Another strategy for better production of clinical grade stem cells is to produce them in the self-assembled aggregate forms. It has been suggested that cellular aggregates showed better and improved survivability and tissue forming capabilities (Stephenson and Grayson 2018). The impact of bioreactors on the mesenchymal stem cell aggregation and cell size has been examined by using commercially available WAVE Bioreactors™, and this bioreactor provides better stirring capabilities.

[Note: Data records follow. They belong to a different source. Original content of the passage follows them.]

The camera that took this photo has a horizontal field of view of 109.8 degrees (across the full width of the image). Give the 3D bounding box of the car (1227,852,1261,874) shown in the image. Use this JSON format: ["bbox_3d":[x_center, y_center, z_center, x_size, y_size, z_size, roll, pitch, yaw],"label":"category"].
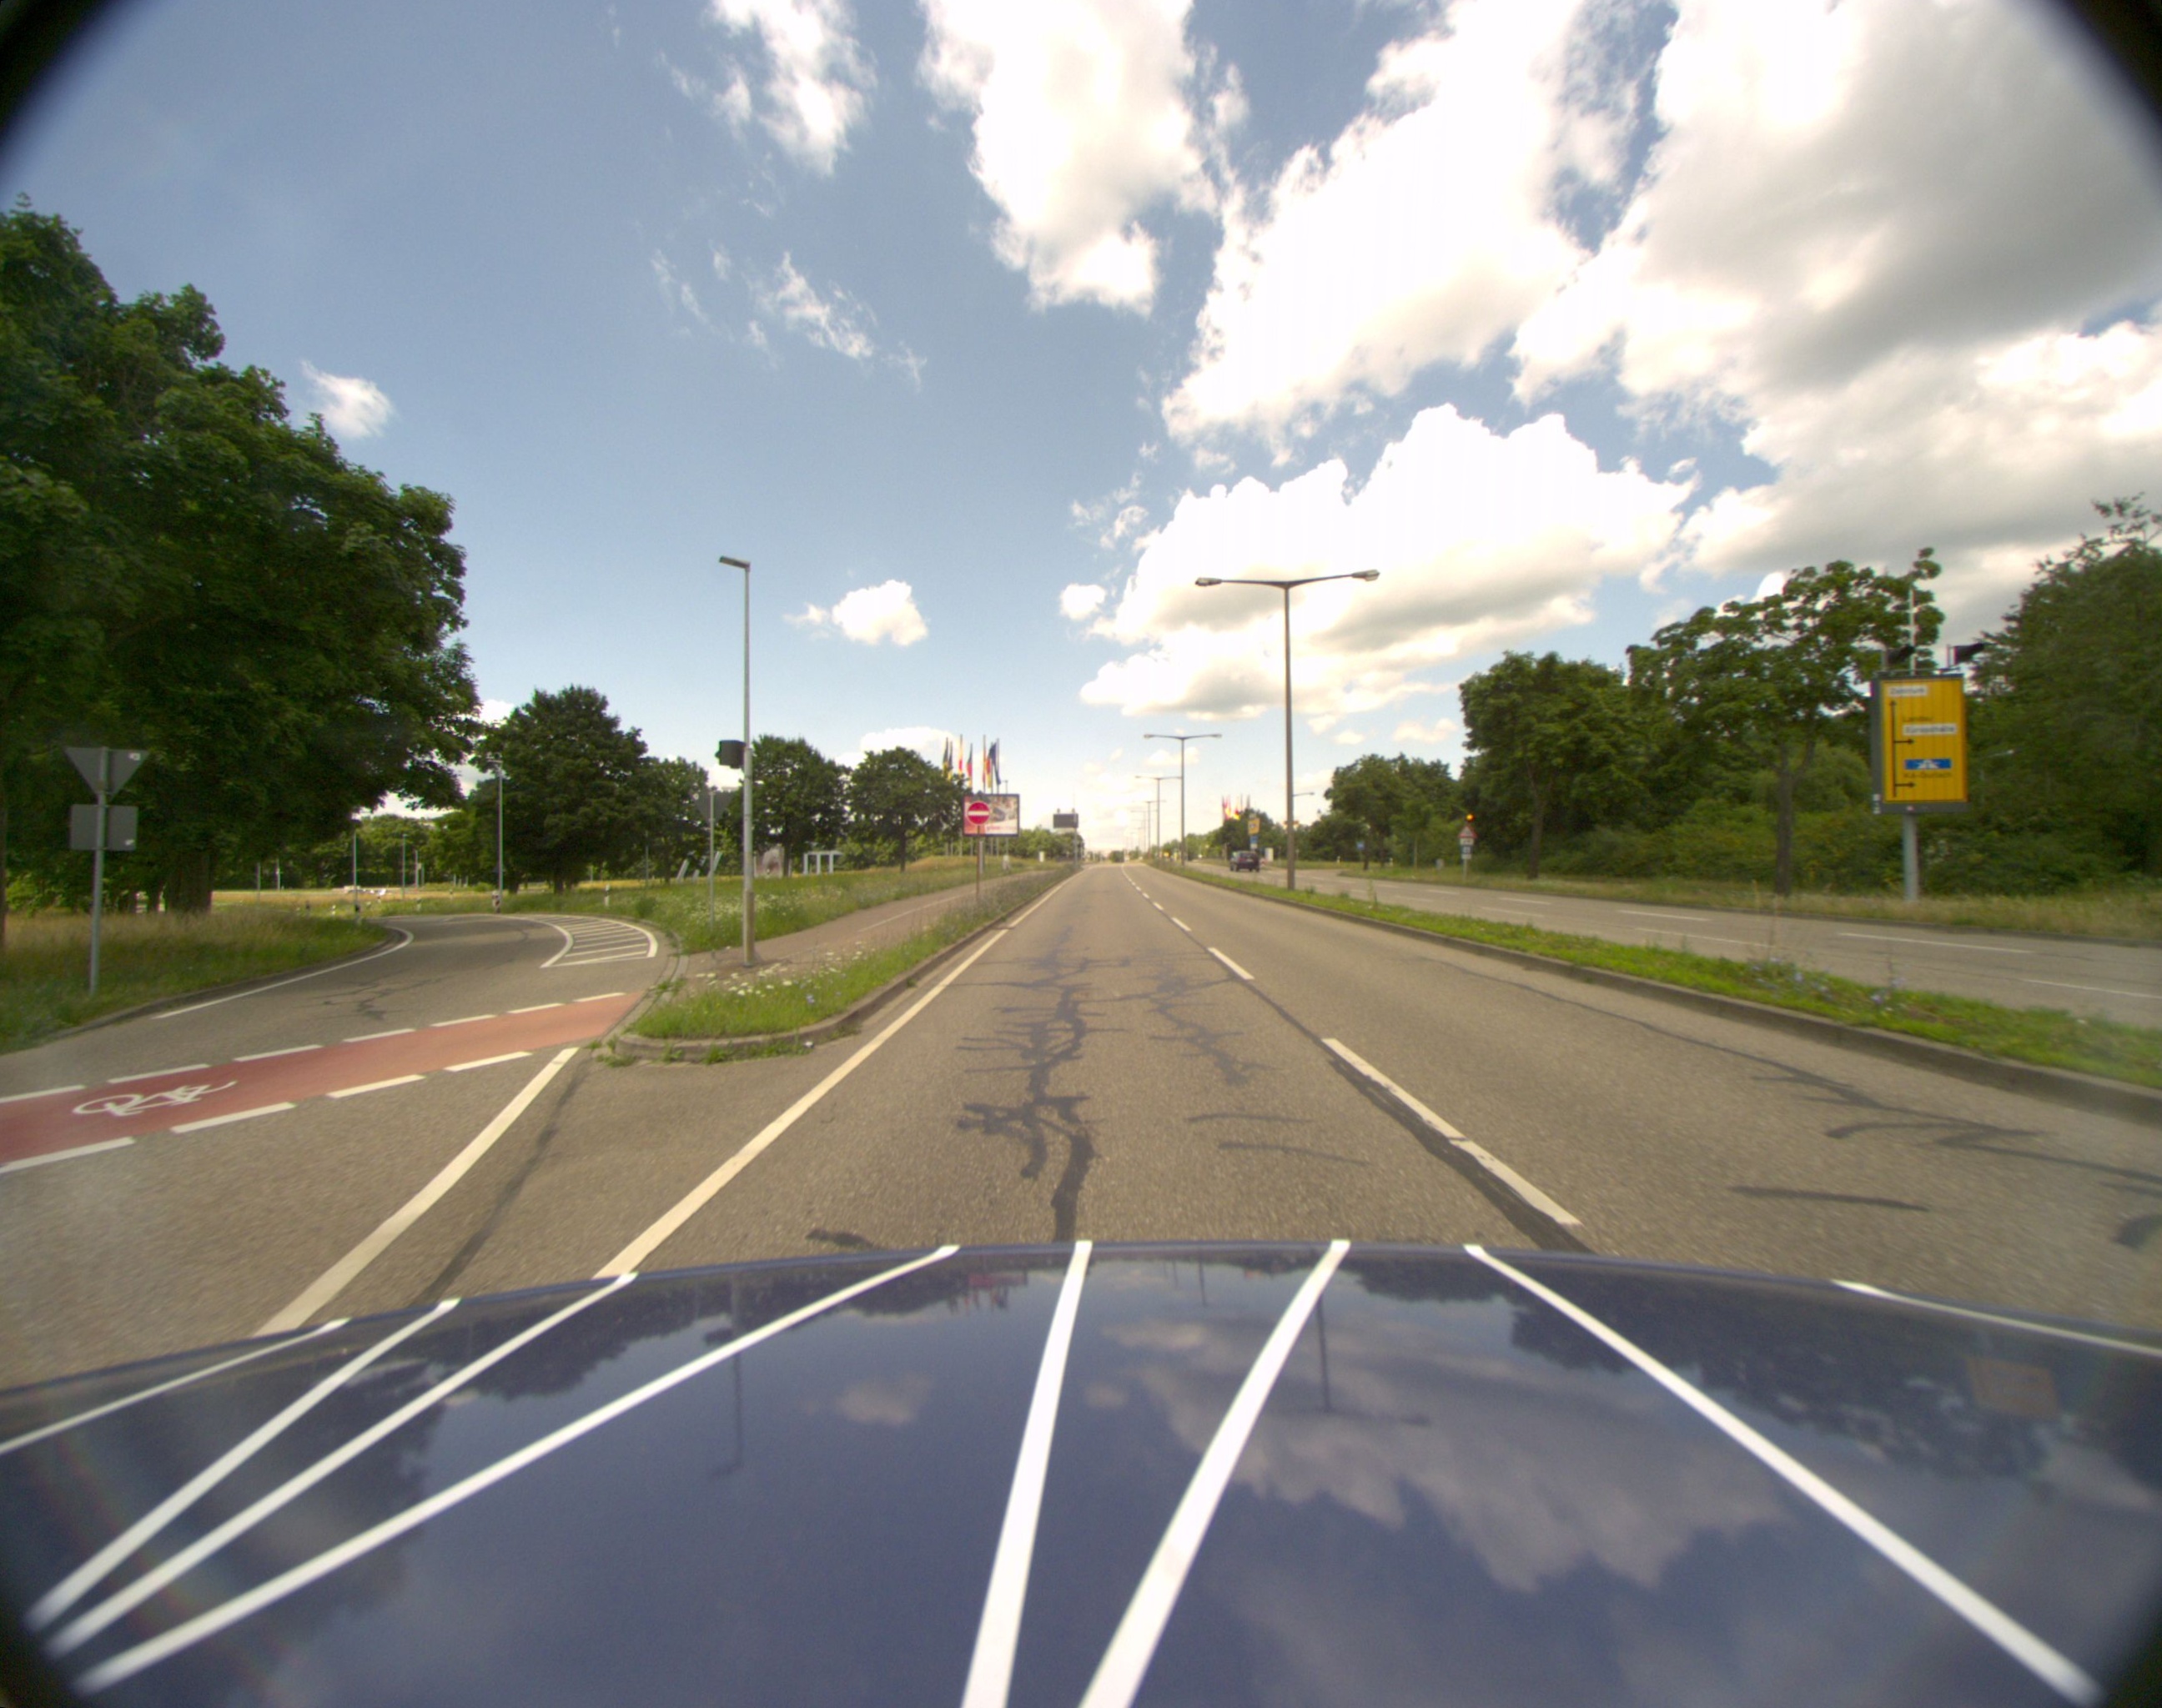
[{"bbox_3d":[13.948,0.713,65.318,1.881,1.780,4.728,1,0,0],"label":"car"}]

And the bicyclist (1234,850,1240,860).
[{"bbox_3d":[21.370,0.121,104.017,0.522,1.264,1.107,-2,-1,0],"label":"bicyclist"}]

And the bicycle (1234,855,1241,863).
[{"bbox_3d":[21.392,0.664,103.934,0.433,1.062,1.908,-2,-1,0],"label":"bicycle"}]

5.6.1 Induced Pluripotent Stem Cell Expansion

Over past few years, different types of bioreactors have been designed and constructed for producing embryonic and induced pluripotent stem cells such as in rotating flasks bioreactors, rotating wall bioreactors, stirred tank bioreactors, and WAVE Bioreactors™ (Wang et al. 2014; Kropp et al. 2017). It has been found that cell method with aggregation approach is considered to be the best method to generate natural pluripotent stem cells with natural characteristics. While producing pluripotent stem cells, care should be taken to avoid differentiation of pluripotent stem cells into different terminally differentiated cells. The differentiation of pluripotent stem cells can be avoided by providing them with specialized media and growth factors with proper monitoring and supervision. The stem cell aggregate size can be maintained to avoid differentiation. It has been found that stem cell aggregate sizes are regulated by chemically using Rho-kinase inhibitors and mechanically by using physical disruption techniques. Furthermore, the dissolved oxygen concentrations and dilution rate in the cell mixture also effect the stem cell (Abecasis et al. 2017).

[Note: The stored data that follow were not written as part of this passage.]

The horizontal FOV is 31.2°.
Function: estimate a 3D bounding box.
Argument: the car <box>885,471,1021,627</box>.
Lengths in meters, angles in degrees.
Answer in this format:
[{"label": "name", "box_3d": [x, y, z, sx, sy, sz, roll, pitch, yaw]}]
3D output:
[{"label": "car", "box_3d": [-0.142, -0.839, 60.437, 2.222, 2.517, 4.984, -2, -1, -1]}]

5.7 Future Prospects in the Advances of Bioreactors

One of the limitations in the currently used cell culture is 2-dimensional form of cell production, which is not closely related to natural process of stem cells development. In fact all the body cells and tissues are grown in 3-dimensional form and cells grown in 3-dimensional form are physiologically and functionally better than 2-dimensional form. Hence, recently efforts are made to design bioreactors in such way that stem cells can be grown 3-dimensionally. Three-dimensional bioreactors support the production of different cells with applications. The 3-dimensional approach can be used to produce large number of cells and tissues. One of the challenges of the 2-dimensional approach, is that due to large size, it’s difficult to provide the nutrients and growth factors to all parts of the cells, whereas in case of 3-dimensional approach cells receive nutrients and growth factors and required amount of oxygen as all the sides are exposed to them. Efforts are also being made to design bioreactors to enhance the functionality of the cells by incorporating them with biomimetic physiological stimuli and sensors in the cell construct. These sensors help to monitor the health, growth, and viability of the cells on time-scale. The use of computer and artificial intelligence based approach also helps engineers to design automatic bioreactors with better efficiency and productivity of functional cells and tissues (Stoppel et al. 2016; Luciani et al. 2016; Dikina et al. 2017; Guo et al. 2016; Mellor et al. 2017). The application of computational modeling found to be effective in improving the predictability of the clinical grade cell product (Shakeel et al. 2013; Guyot et al. 2016; Nguyen et al. 2016a, b).